President Donald Trump said on Twitter U.S. officials are “trying to negotiate a level playing field on trade.”

Raymond Yeung, a senior economist for Greater China at the Australia and New Zealand Banking Group, says if the two sides can at least agree to keep talking with each other that would be big progress.

The policy clearly sets goals for domestic industries to dominate over foreign players in the Chinese market and globally.
Donald Trump, Wikimedia Commons

“I think it is too demanding to expect that both sides can come up with an agreement or an announcement or sign a deal,” Yeung said. “But if they are able to promise that they are willing to sit down and continue the dialogue and try and resolve their differences, at least that would signal that the relationship between the two governments is warming up.”

Differences over trade policy and market access have been a persistent concern for the United States and other foreign investors in China. In recent weeks, the debate has become even more heated with President Trump threatening to slap a long $50 billion list of tariffs on Chinese goods to punish Beijing for what his administration calls its unfair trade practices: forced technology transfer, intellectual property rights and state subsidies for technology development.

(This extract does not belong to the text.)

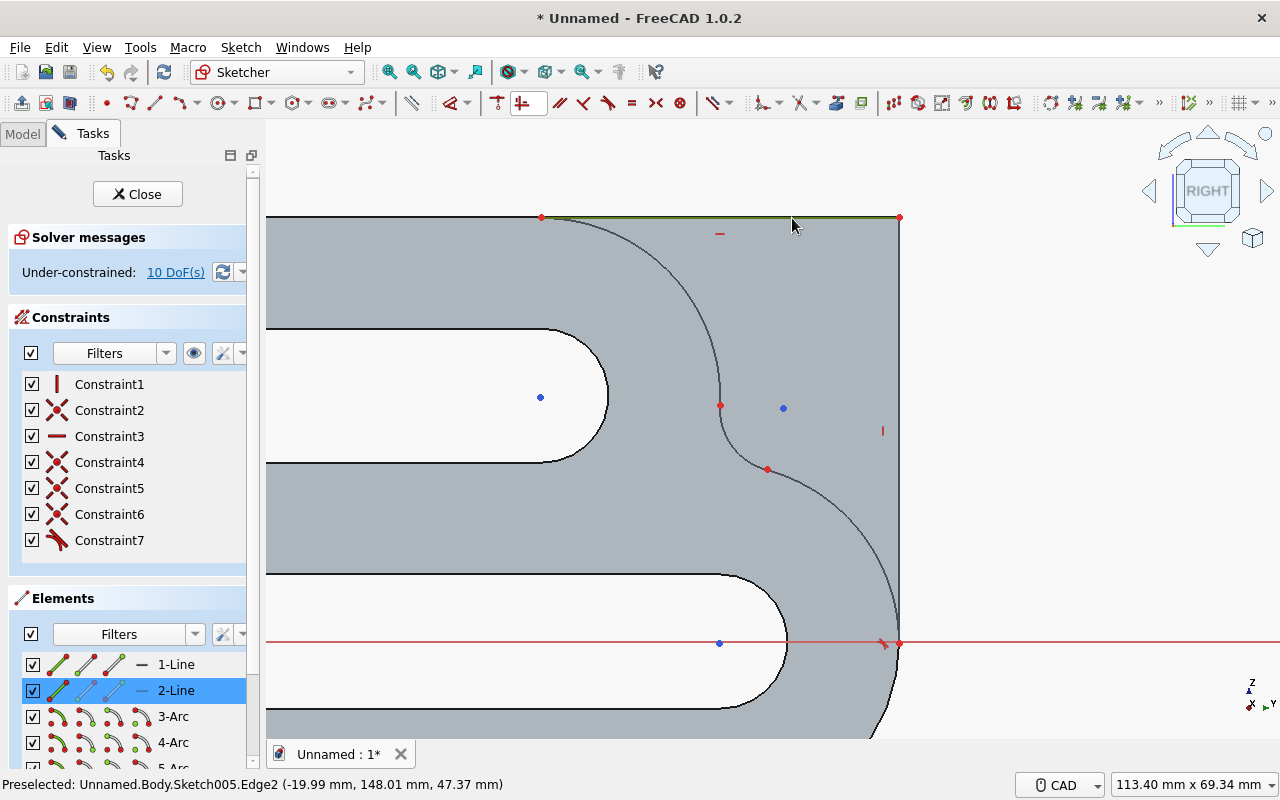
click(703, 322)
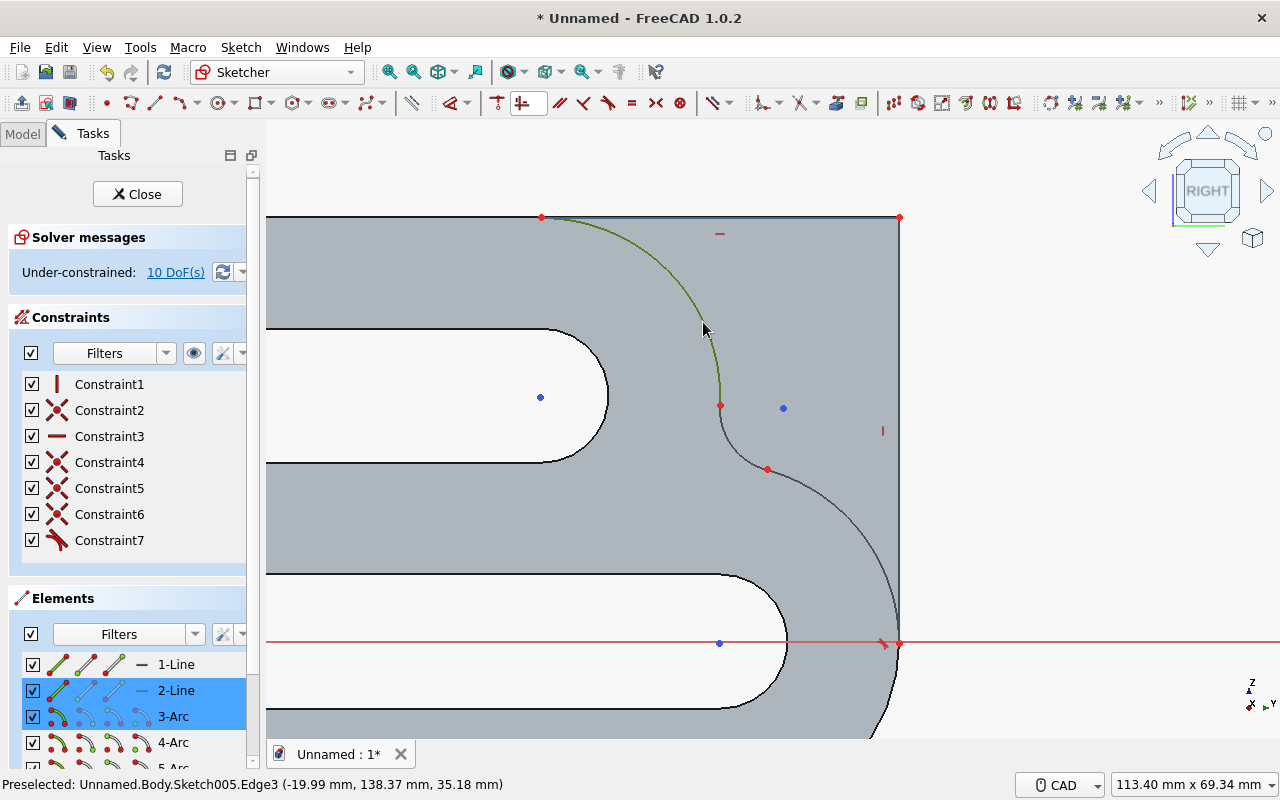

Beijing has denied Washington’s accusations and insists its market is opening. It recently pledged to do away with a 25 percent tariff on imported foreign cars, albeit by 2022. The Chinese government has also responded with threats of its own, saying that if the U.S. presses ahead with tariffs it will respond in kind.

The seven-member U.S. delegation is led by Treasury Secretary Steven Mnuchin and is meeting with a group of Chinese officials led by Chinese Vice Premier Liu He, a close aide to China’s president, Xi Jinping.

Although it is difficult to predict how the meetings will turn out, Liao Qun, chief economist at China CITIC Bank International, says it is a positive sign that both sides have a desire to sit down and negotiate. How much can be accomplished, depends on Washington, he says.

“It depends on how big Washington’s expectations are and how big its demands for reform and opening up of the Chinese market,” Liao says. “China will make some concessions, but if Washington’s appetite is too big, that will be tough for Beijing to accept.”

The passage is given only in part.